Summary of this post for the time poor
Leaning analytics needs to focus less on predicting the future and more on what’s happening right now.

A vexing question
This post extends my previous posts about learning analytics and the limitations of predictive modelling. Knowing that one-size-fits-all approaches to learning analytics are not going to work, presents us with a dilemma. How do we approach our learning analytics implementations? There is almost an implied understanding that learning analytics and prediction go hand-in-hand. If this is not the case, what is it that we need to be doing? This post is some early thinking around this question.

Lessons from other industries
Historically, most industries designed and developed their systems from a technology-centred perspective (Endsley, 2016). As the systems become more sophisticated, operators had to cope with an exponential growth in available information provided by the systems. People can only pay attention to a certain amount of information at once and the gap between the volume of data provided by the systems and the operators ability to distill the information required for their tasks continued to grow. This was because the design and development of these systems centred around technical considerations rather than a detailed understanding of the operator’s tasks and goals. In industrial and military settings, much of what has been attributed to human error is the direct result of technology-centred designs that are ill-suited for augmenting human performance across the wide range of conditions and circumstances found in real world environments (Endsley, 2016).

In complex systems, the problem becomes more pronounced as the elements in the system interact and change constantly. Automation that was quite suitable for linear, repetitive tasks breaks down in complex systems. Data and information on what worked previously is no longer useful as the context evolves and adapts.

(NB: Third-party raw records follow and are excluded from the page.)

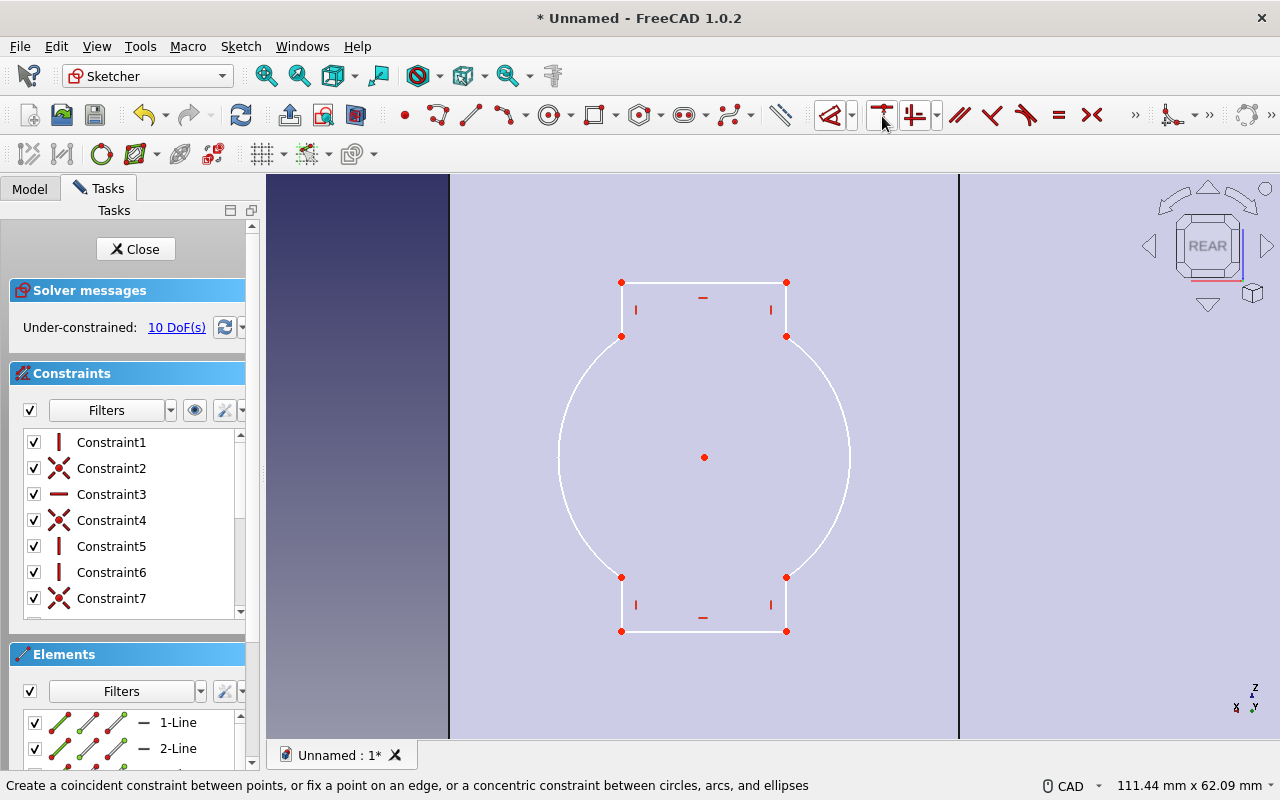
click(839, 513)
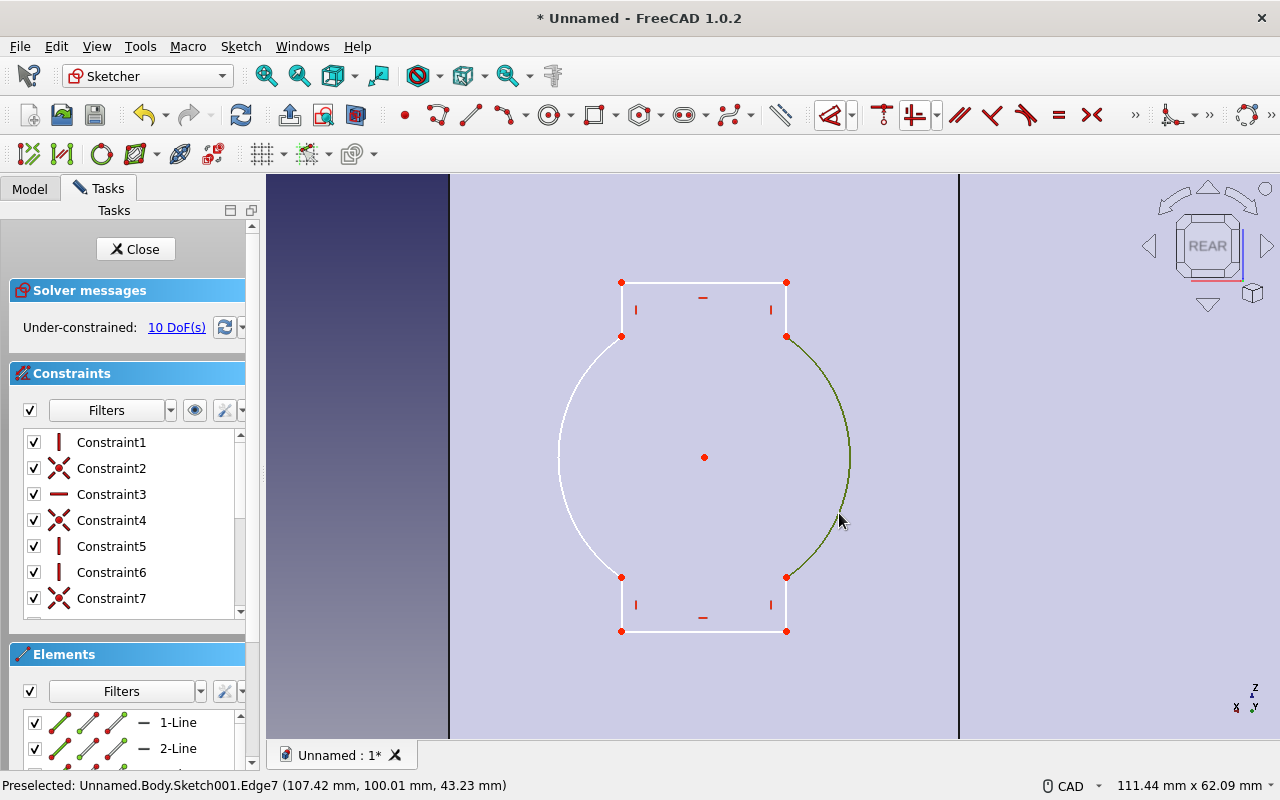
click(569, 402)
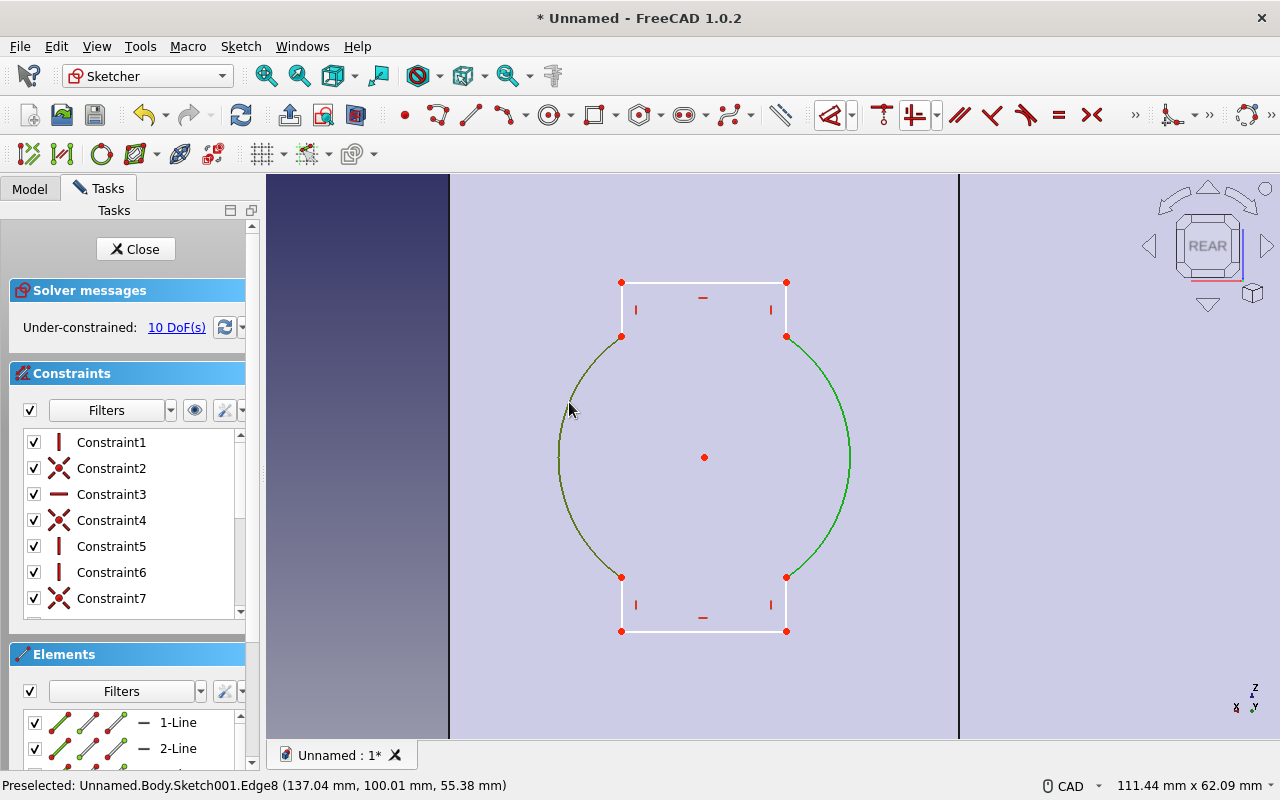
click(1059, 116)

Trying to automate our way out of “human error” in complex environments leads to more complexity, more cognitive load and catastrophic errors (Endsley, 2001, 2016). Complex environments with many interacting and adapting agents are inherently unpredictable therefore the utility of retrospective data and information is limited. In these environments, it is the operators’ ability to understand the situation as a whole that forms the basis of sound decision-making. The ability of the operators to understand the system as a whole is known as situation awareness (Endsley, 2016).

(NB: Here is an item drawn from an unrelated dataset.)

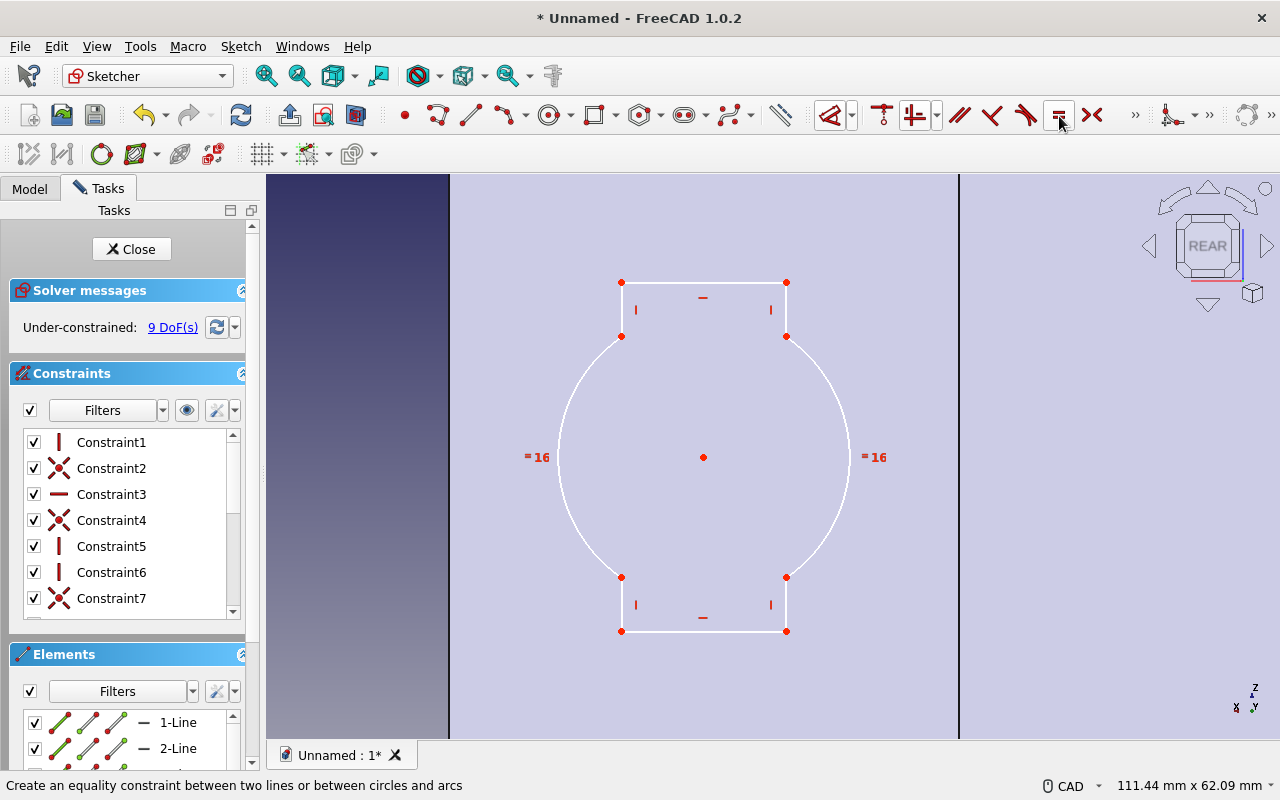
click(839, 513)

“Situation awareness is the engine that drives the train for decision making and performance in complex, dynamic systems” (Endsley, 2016).

In complex and dynamic environments, decision making is highly dependent on situation awareness – a constantly evolving picture of the state of the environment. Situation awareness is goal oriented whereby the goals of the job determine the elements within the environment that people need to be aware of. There are three broad levels to situation awareness. The lowest level is the perception of the status, attributes and relevance of elements in the environment. The next level is understanding what the data and cues perceived mean in relation to what the endeavour is trying to achieve. Once the person is able to perceive the elements in the environment and what they mean, they can project what this means into the near future which is the third level of situation awareness.

“The best way to support human performance is to better support the development of high levels of situation awareness” (Endsley, 2016)

What does this have to do with learning analytics?
Learning analytics is data and information derived from agent interactions within a complex system and aims to enhance our understanding about learners and the environment in which they learn (Colvin et al., 2015; Macfadyen, Dawson, Pardo, & Gasevic, 2014). Given the limited value of retrospective data and predictive modelling, situation awareness affords an alternative way of thinking about learning analytics. Rather than thinking of learning analytics as a tool for prediction, we think of it as a tool to help us determine what is happening right now, a mechanism for enhanced situation awareness. As David has touched on previously, our information systems in higher education are wholly inadequate when it comes to providing teachers with the tools they need to manage the situated present. I believe that this is a gap where learning analytics can provide enormous value. However it does change the approach we take with learning analytics implementation.

References
Colvin, C., Rogers, T., Wade, A., Dawson, S., Gašević, D., Buckingham Shum, S., . . . Corrin, L. (2015). Student retention and learning analytics: A snapshot of Australian practices and a framework for advancement. Canberra, ACT: Australian Government Office for Learning and Teaching.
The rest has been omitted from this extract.